== Extracted information ==

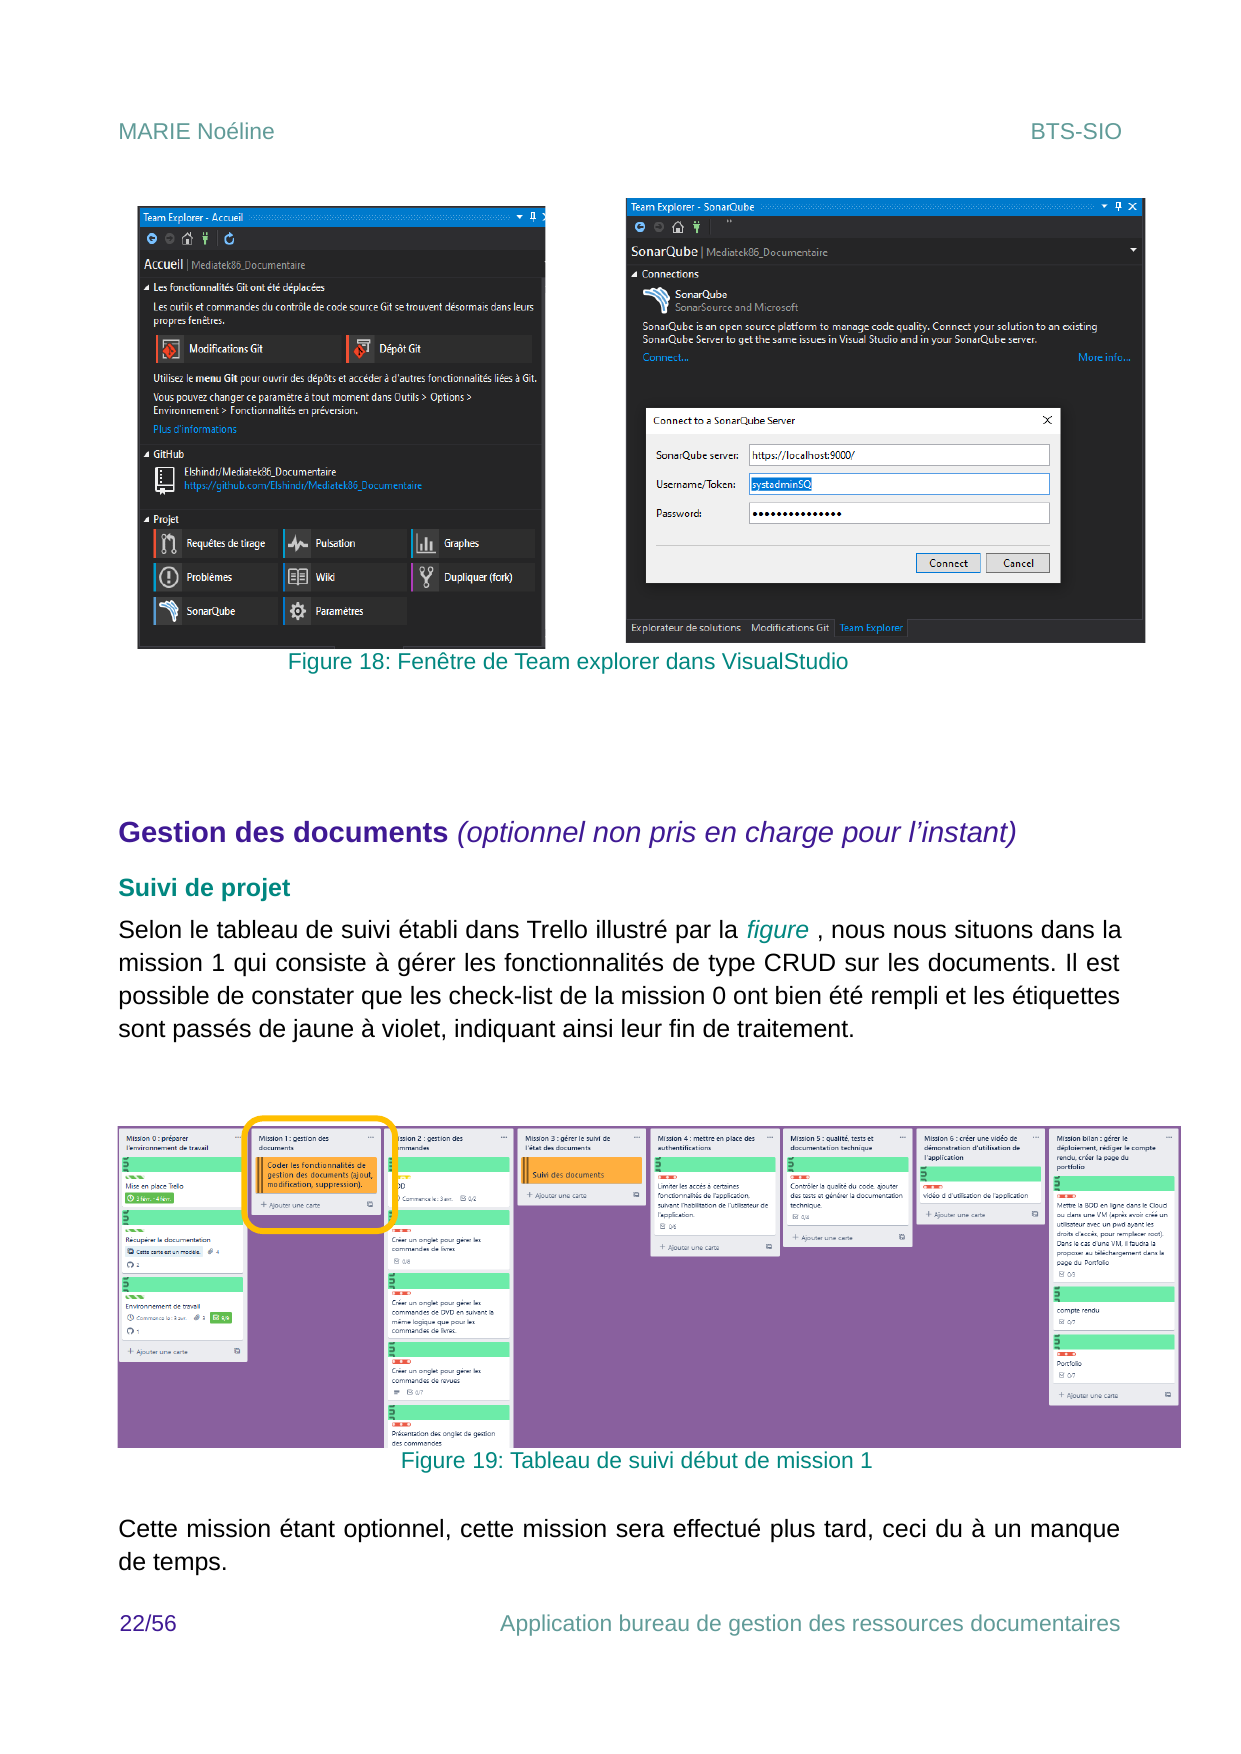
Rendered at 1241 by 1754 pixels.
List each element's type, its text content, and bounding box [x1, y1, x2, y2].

picture [117, 1126, 1181, 1448]
picture [248, 1126, 392, 1228]
picture [129, 189, 546, 649]
text Selon le tableau de suivi établi dans Trello illustré par la figure , nous nous situons dans la mission 1 qui consiste à gérer les fonctionnalités de type CRUD sur les documents. Il est possible de constater que les check-list de la mission 0 ont bien été rempli et les étiquettes sont passés de jaune à violet, indiquant ainsi leur fin de traitement. [118, 914, 1122, 1042]
subtitle Suivi de projet [118, 873, 1122, 902]
subtitle Gestion des documents (optionnel non pris en charge pour l’instant) [118, 815, 1122, 848]
text Cette mission étant optionnel, cette mission sera effectué plus tard, ceci du à un manque de temps. [118, 1514, 1122, 1576]
text Figure 19: Tableau de suivi début de mission 1 [105, 1448, 1168, 1474]
text Figure 18: Fenêtre de Team explorer dans VisualStudio [116, 649, 1021, 675]
picture [625, 198, 1146, 643]
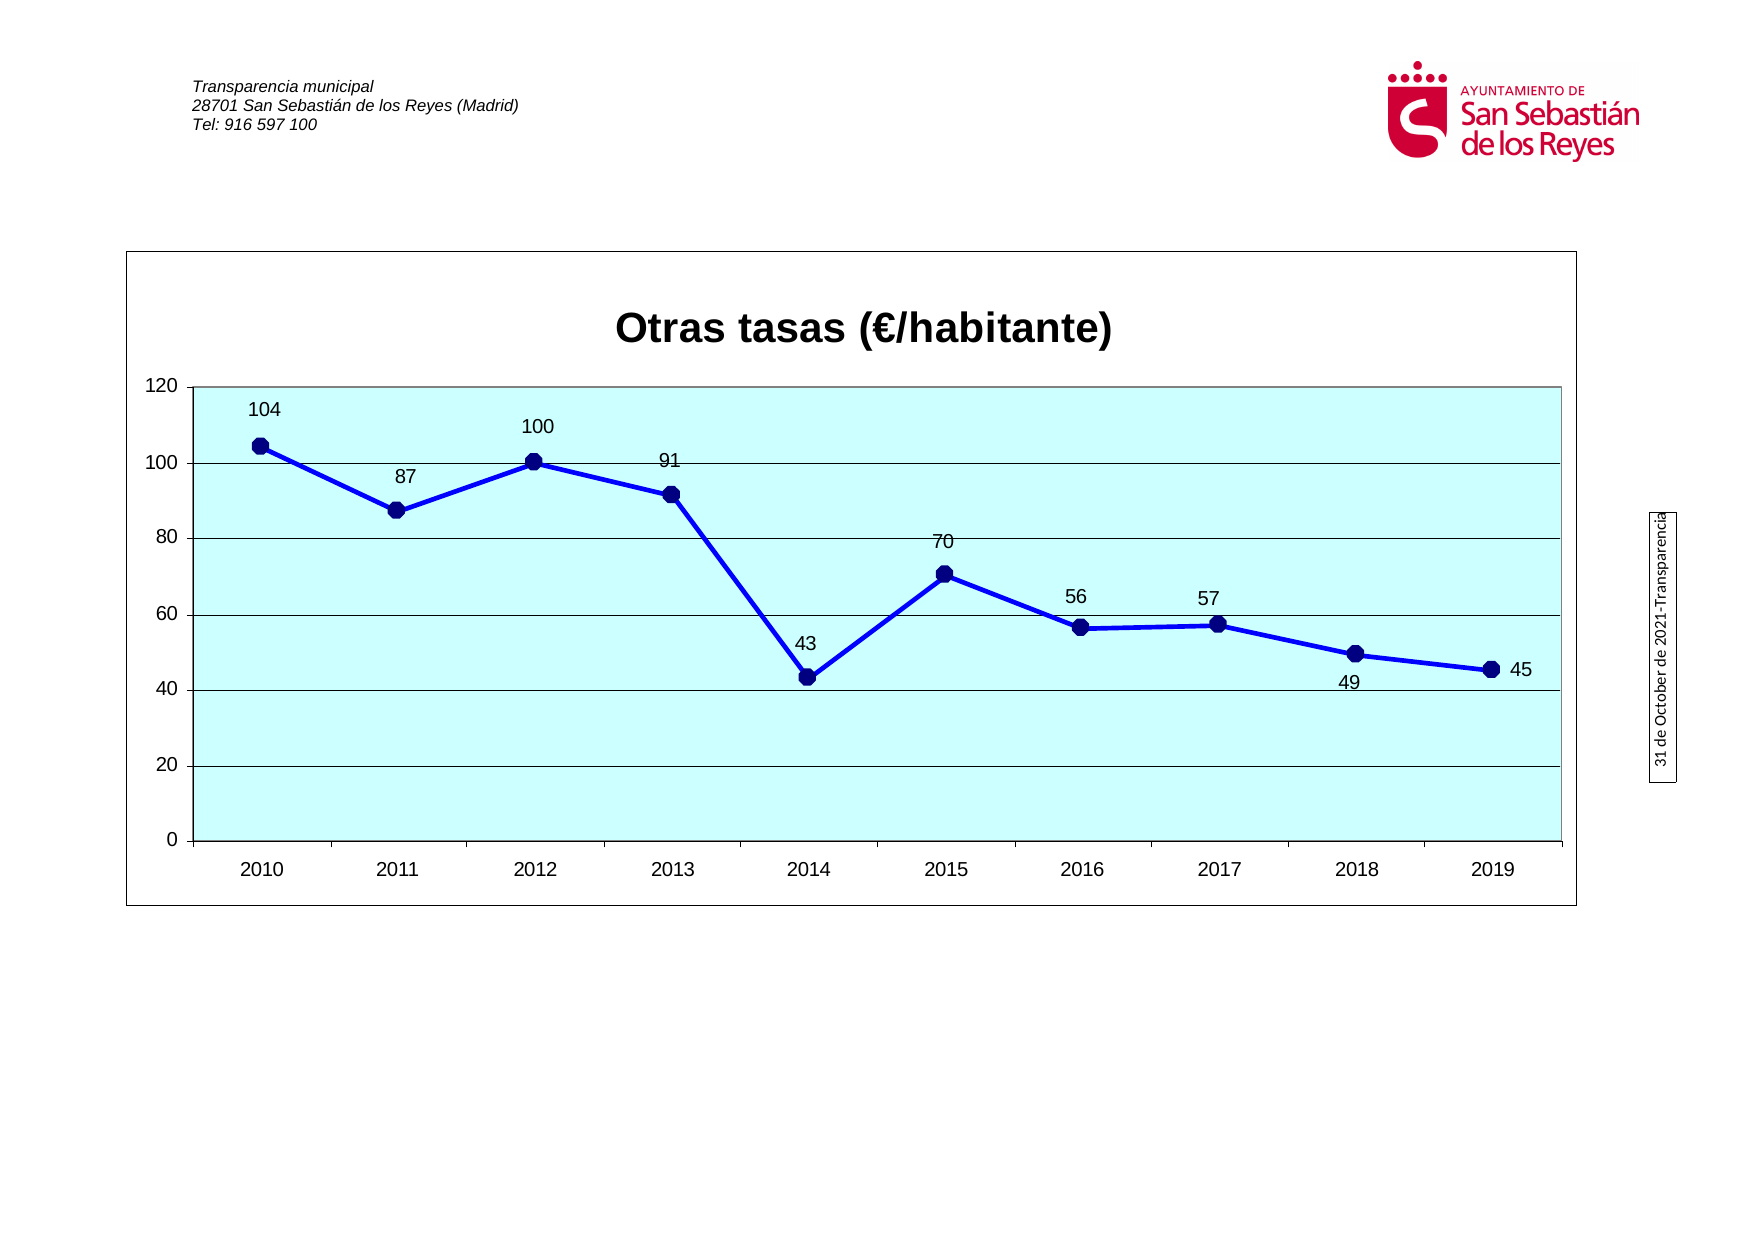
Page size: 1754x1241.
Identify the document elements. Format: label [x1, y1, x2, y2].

===

▶ **Instructions to follow**
Your job is to reproduce the material exactly. Keep pictures out of it.

▶ **Result below**
Rendered at 1241 by 1754 pixels.
List each element's type, its text content, and bounding box [x1, y1, x2, y2].

picture [117, 1126, 1181, 1448]
picture [248, 1126, 392, 1228]
picture [129, 189, 546, 649]
text Selon le tableau de suivi établi dans Trello illustré par la figure , nous nous situons dans la mission 1 qui consiste à gérer les fonctionnalités de type CRUD sur les documents. Il est possible de constater que les check-list de la mission 0 ont bien été rempli et les étiquettes sont passés de jaune à violet, indiquant ainsi leur fin de traitement. [118, 914, 1122, 1042]
subtitle Suivi de projet [118, 873, 1122, 902]
subtitle Gestion des documents (optionnel non pris en charge pour l’instant) [118, 815, 1122, 848]
text Cette mission étant optionnel, cette mission sera effectué plus tard, ceci du à un manque de temps. [118, 1514, 1122, 1576]
text Figure 19: Tableau de suivi début de mission 1 [105, 1448, 1168, 1474]
text Figure 18: Fenêtre de Team explorer dans VisualStudio [116, 649, 1021, 675]
picture [625, 198, 1146, 643]
Page size: 1754x1241.
Identify the document elements. Format: label [x1, y1, x2, y2].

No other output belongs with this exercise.